> **Given entries**
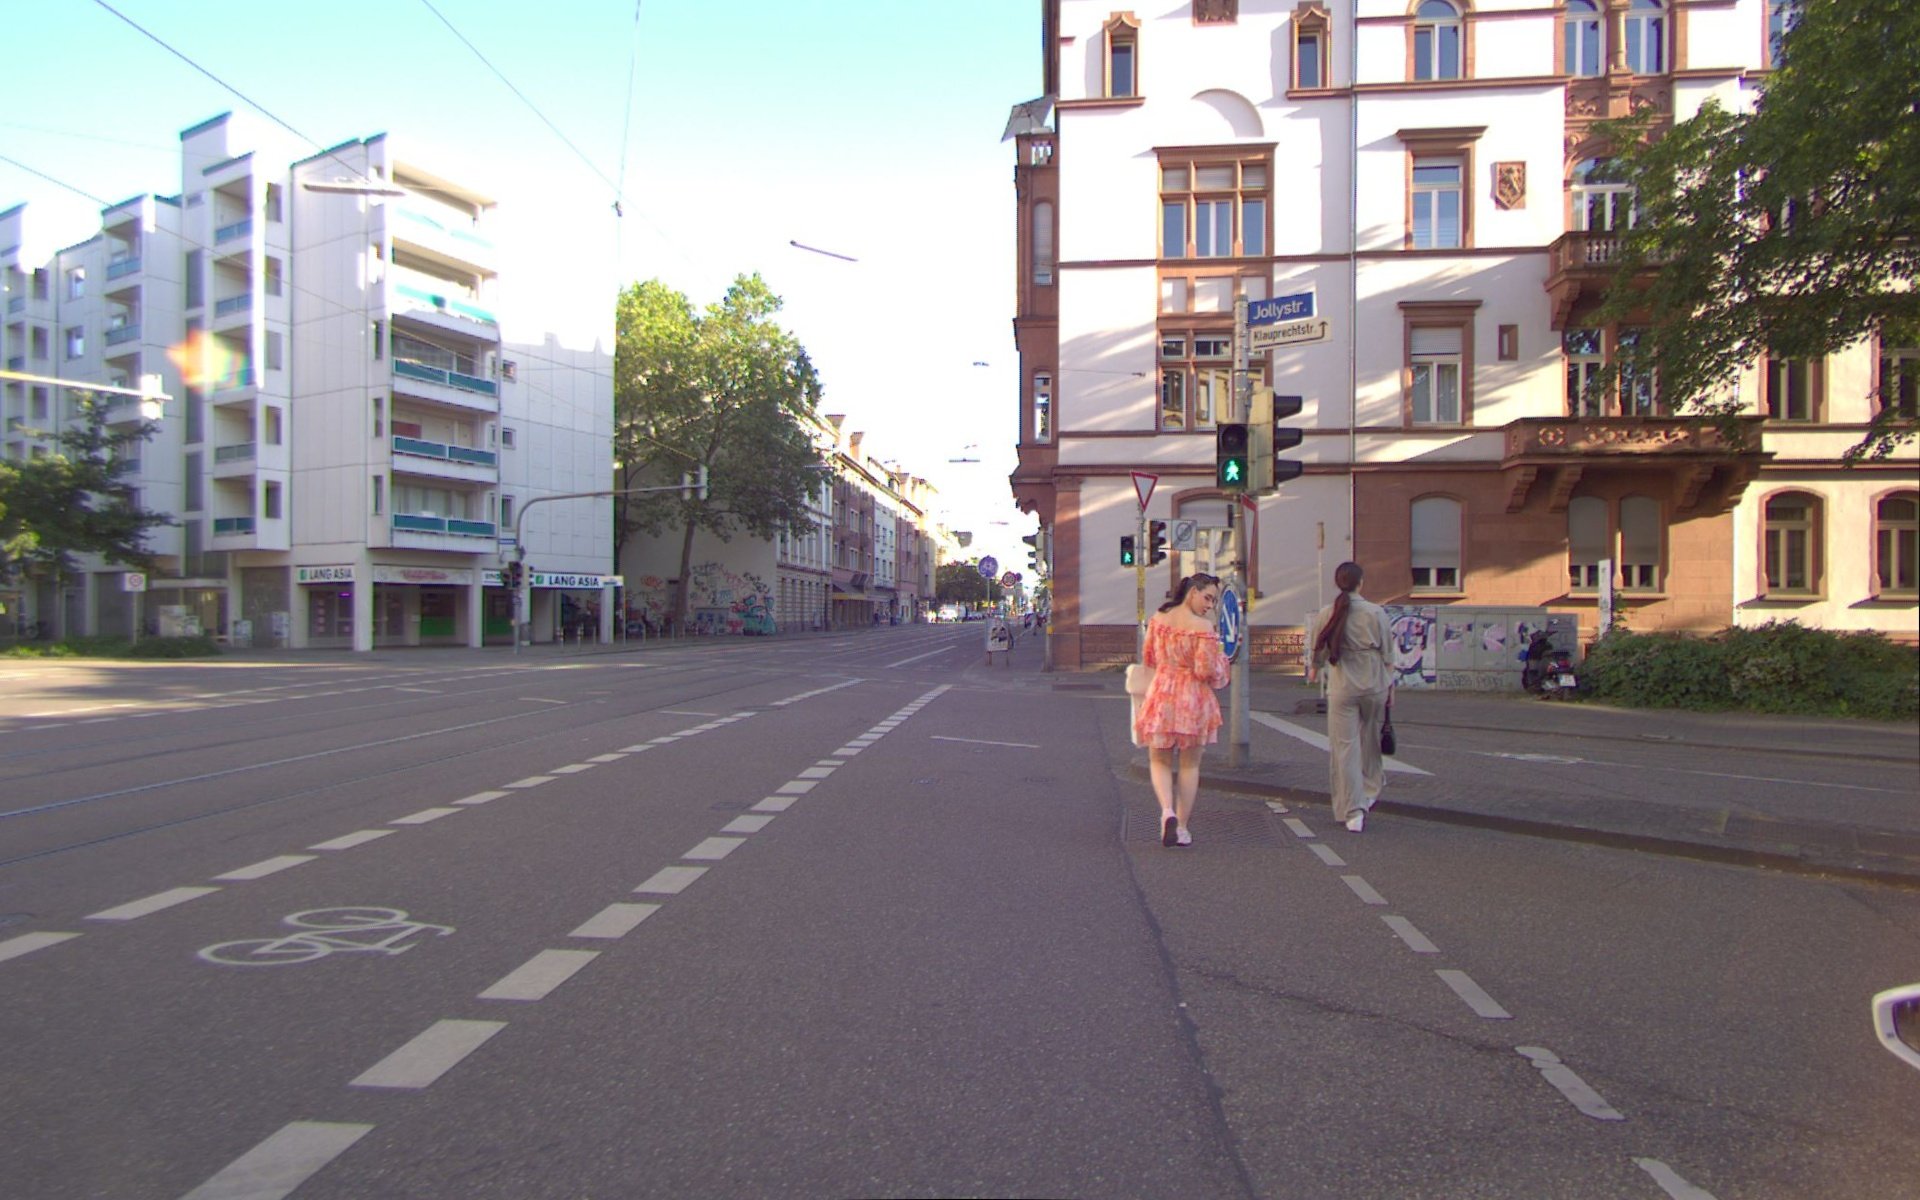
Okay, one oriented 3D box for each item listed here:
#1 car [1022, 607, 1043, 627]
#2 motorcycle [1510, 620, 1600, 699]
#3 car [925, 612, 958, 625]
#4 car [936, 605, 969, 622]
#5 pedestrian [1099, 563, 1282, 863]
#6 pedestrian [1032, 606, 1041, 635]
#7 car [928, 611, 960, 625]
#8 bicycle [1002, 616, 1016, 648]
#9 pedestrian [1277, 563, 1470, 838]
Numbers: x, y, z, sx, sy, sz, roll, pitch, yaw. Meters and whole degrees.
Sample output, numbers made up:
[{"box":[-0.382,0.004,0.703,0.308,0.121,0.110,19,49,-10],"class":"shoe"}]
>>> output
[{"box":[7.826,1.843,107.861,1.959,2.040,4.003,0,-1,9],"class":"car"},{"box":[10.336,0.996,17.532,0.826,1.282,2.111,0,-1,16],"class":"motorcycle"},{"box":[-2.824,2.768,151.117,4.660,2.040,2.292,0,-1,7],"class":"car"},{"box":[-1.128,2.109,159.647,4.685,2.720,2.514,1,-1,-21],"class":"car"},{"box":[1.402,0.655,6.285,0.853,1.720,0.983,0,0,-5],"class":"pedestrian"},{"box":[4.924,1.309,64.647,0.483,1.835,0.628,0,0,10],"class":"pedestrian"},{"box":[-2.443,2.787,153.671,4.660,2.040,2.528,0,-1,7],"class":"car"},{"box":[1.906,1.222,39.085,0.509,1.230,2.009,0,-1,4],"class":"bicycle"},{"box":[2.756,0.636,6.800,0.853,1.720,0.983,0,0,-5],"class":"pedestrian"}]

> **Task instructions**
An exact copy of the records above is wanted, with the pictures omitted.

> **Answer**
Okay, one oriented 3D box for each item listed here:
#1 car [1022, 607, 1043, 627]
#2 motorcycle [1510, 620, 1600, 699]
#3 car [925, 612, 958, 625]
#4 car [936, 605, 969, 622]
#5 pedestrian [1099, 563, 1282, 863]
#6 pedestrian [1032, 606, 1041, 635]
#7 car [928, 611, 960, 625]
#8 bicycle [1002, 616, 1016, 648]
#9 pedestrian [1277, 563, 1470, 838]
Numbers: x, y, z, sx, sy, sz, roll, pitch, yaw. Meters and whole degrees.
Sample output, numbers made up:
[{"box":[-0.382,0.004,0.703,0.308,0.121,0.110,19,49,-10],"class":"shoe"}]
>>> output
[{"box":[7.826,1.843,107.861,1.959,2.040,4.003,0,-1,9],"class":"car"},{"box":[10.336,0.996,17.532,0.826,1.282,2.111,0,-1,16],"class":"motorcycle"},{"box":[-2.824,2.768,151.117,4.660,2.040,2.292,0,-1,7],"class":"car"},{"box":[-1.128,2.109,159.647,4.685,2.720,2.514,1,-1,-21],"class":"car"},{"box":[1.402,0.655,6.285,0.853,1.720,0.983,0,0,-5],"class":"pedestrian"},{"box":[4.924,1.309,64.647,0.483,1.835,0.628,0,0,10],"class":"pedestrian"},{"box":[-2.443,2.787,153.671,4.660,2.040,2.528,0,-1,7],"class":"car"},{"box":[1.906,1.222,39.085,0.509,1.230,2.009,0,-1,4],"class":"bicycle"},{"box":[2.756,0.636,6.800,0.853,1.720,0.983,0,0,-5],"class":"pedestrian"}]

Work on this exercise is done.